At least there is no established pattern to use other values instead of NULL.

Reference Non-grouped Columns

Since I’m dealing with Postgres, I understand this one is not much of an issue. Your query will fail if you build it wrong. Which should be the way databases work.

Sort Data Randomly

Read this chapter online.

The problem of how to fetch a single random instance from a Model comes up every now and then on IRC, indeed, it did again last weekend. Unsurprisingly, I provided a link to this chapter.

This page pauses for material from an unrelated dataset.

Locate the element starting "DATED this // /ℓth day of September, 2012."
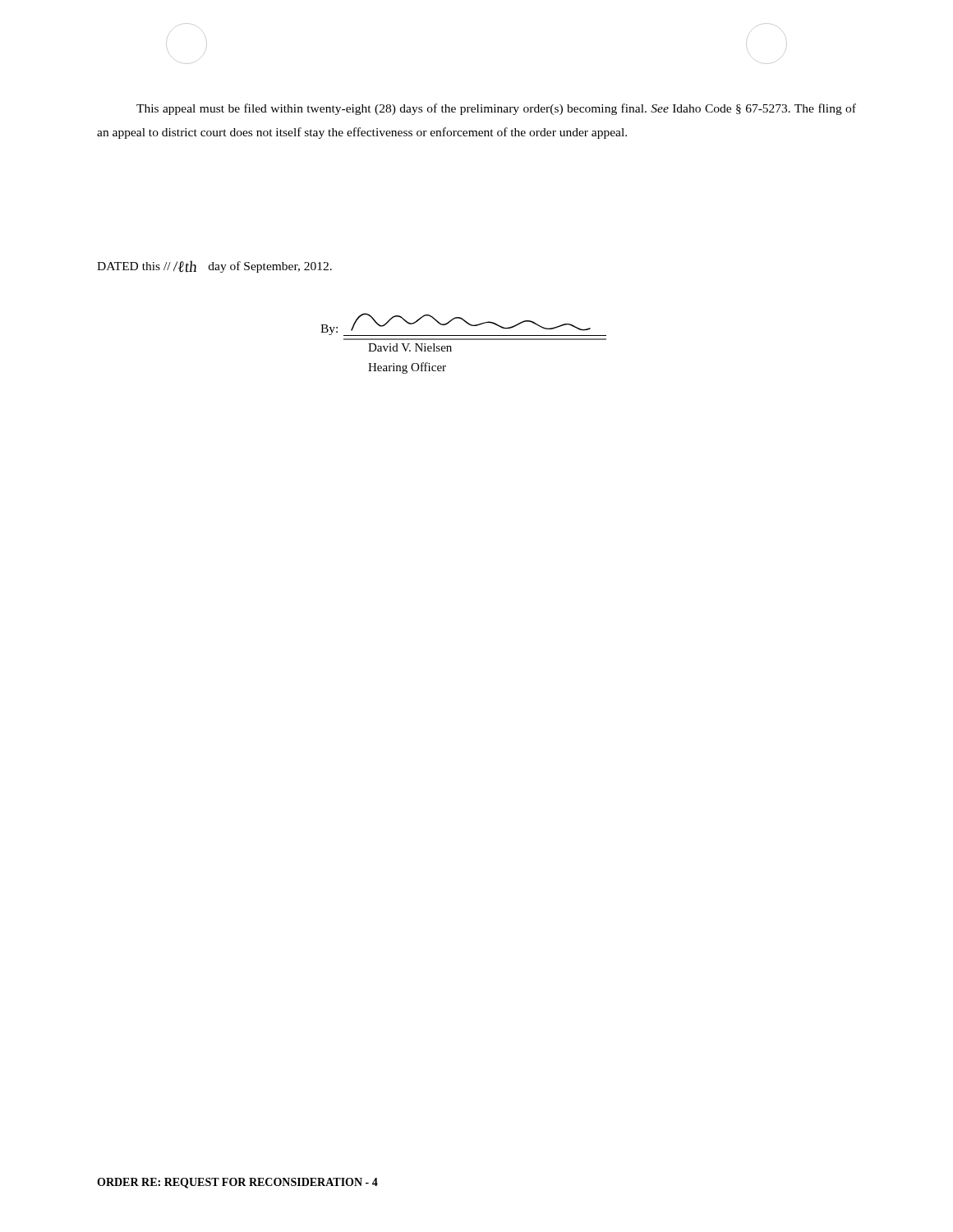953x1232 pixels. [x=215, y=267]

One solution that is presented in the book is to select a single row, using a random offset:

import random
# Note: the initial version of this would fail since queryset.count()
# is the number of elements, randint(a, b) includes the value 'b',
# and queryset[b] would be out of range.
index = random.randint(0, queryset.count() - 1)
instance = queryset.all()[index]

This, converts to the query:

SELECT * FROM "table" LIMIT 1 OFFSET %s;

However, without an ordering, I believe this will still do a complete table seek. Instead, you want to order on a column with an index. Like the primary key:

instance = queryset.order_by('pk')[index]

It does take two queries, but sometimes two queries is better than one. Obviously, if your table was always going to be small, it may be better to do the random ordering:

instance = queryset.order_by('?')[0]

Pattern Matching Predicates

I’m sorry to say Django makes it far too easy to do this:

queryset.filter(foo__contains='bar')

Becomes something like:

SELECT * FROM "table" WHERE "table"."foo" LIKE '%bar%';

In many cases, this will be fine, but as you can imagine, you may get surprising matches, or performance may really suck.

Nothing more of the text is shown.